Крюков закатил глаза:

– Романова, ты поражаешь громадьем ума! Ответы будут лежать перед тобой! Пятьсот баксов! За несколько часов работы в неделю! Да узнай народ про такую службу, мигом бы толпа разнесла офис «Бума», а ты еще кривляешься! Может, тебе просто лень?

Я сразу вспомнила Галку Сорокину и быстро сказала:

– А когда приступать?

Лицо Борьки просветлело, он выхватил из кармана мобильник и радостно заорал в трубку:

– Викуля? Все, есть ведущая!

Потом, положив сотовый на стол, мой бывший однокашник шумно вздохнул и принялся объяснять, куда я должна явиться завтра к семи часам вечера.

– Эфир начинается в девять, – заботливо говорил он, – но приходить следует заранее, пока подготовишься, пока то, пока се…

Я кивала. Понятно, так бывает всегда. Сначала, нанимая вас на службу, начальство обещает, что рабочих часов будет всего ничего, потом, когда вы даете принципиальное согласие, выясняется: пахать придется в три раза больше, а затем, получив первую зарплату, вы понимаете, что и оклад существенно меньше заявленного…

– Все просекла? – теребил меня Крюков. – Смотри не опоздай!

– Хорошо, – тихо ответила я, – а какое ты имеешь отношение к этому «Буму» и почему выбрал меня?

Борька вытащил платок, вытер им лысину и туманно сказал:

– Ну, так получилось.
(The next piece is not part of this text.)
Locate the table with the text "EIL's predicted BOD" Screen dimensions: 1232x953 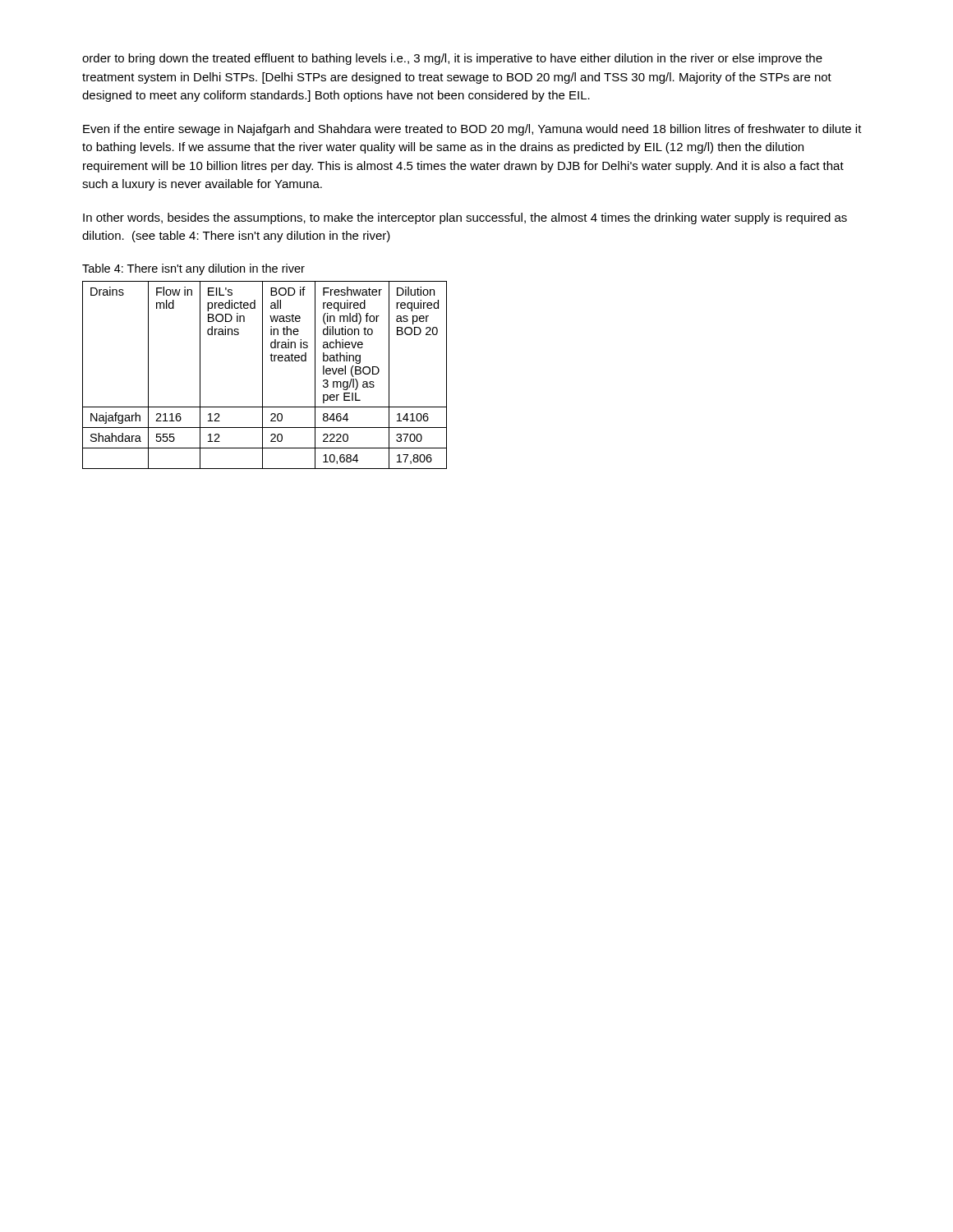pos(265,375)
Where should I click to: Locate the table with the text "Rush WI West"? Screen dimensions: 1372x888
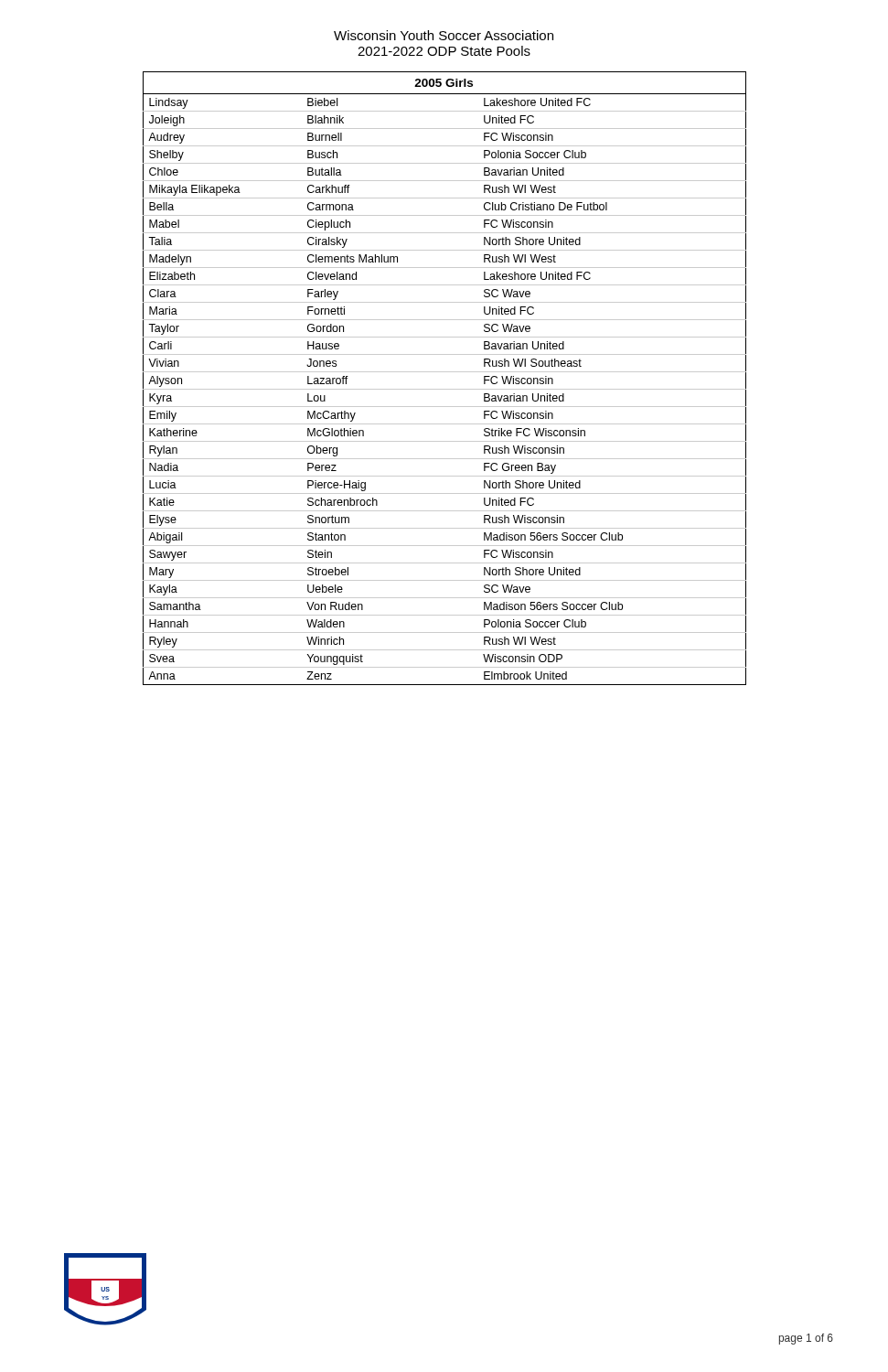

Просто руководство «Бума» попросило меня им помочь, я и постарался, двух зайцев убил: и тебе помог и радийщикам.

Увидав меня на пороге, Кирюшка попросил:

– Давай съездим на проспект, купим торт, такой замороженный, со взбитыми сливками и ягодами! У меня сегодня всего три урока было!

Я согласилась, и мы пошли к машине. Всю дорогу до супермаркета Кирюшка ерзал по сиденью. В конце концов я не выдержала:

– Можно подумать, что из кресла торчит гвоздь!

– Не, – ухмыльнулся мальчик, – но что-то мешает.

Он засунул руку под тоненькую накидку и выудил небольшую железную коробочку. Внутри оказалась телефонная книжка.

– Гляди, – ткнул мне ее под нос Кирилл, – Галкина штучка.

– Отчего ты так решил?

– Так тут на первой странице написано: «Сорокина» – и телефон дан. Небось она который день ее ищет. Во раззява.

Мы купили торт, привезли его домой, съели, я помыла посуду и вздохнула. Очень не хочется, но надо позвонить Гале и сообщить о находке. Сорокина небось злится на меня, сейчас наслушаюсь! Хотя, может, перевалить дело на Лизу?

Девочка, поныв для порядка: «Почему всегда я должна делать неприятные вещи», набрала номер и вежливо сказала:

– Здравствуйте, Леонид Максимович, это Лиза, можно Галину Семеновну? Она…

Очевидно, Леня прервал ее, потому что Лизавета замолчала, затем ее глаза расширились, а на лице появилось выражение искреннего недоумения.

– Ну ни фига себе! – воскликнула девочка, отсоединяясь.

– Что он тебе сказал?

Лиза трясла головой:

– Боюсь, если повторю, ты меня не одобришь, ну, как бы это объяснить, один глагол, одно притяжательное местоимение и одно существительное. Правда, две последние части речи сказать вслух можно, неприличными они делаются лишь в сочетании с той, что обозначает движение.

– Леня ругался при тебе матом? – изумилась я. – Он пьян?

– Трезвее некуда, – заверила меня Лиза, – сообщил, что Галя б…, и он с ней больше не живет!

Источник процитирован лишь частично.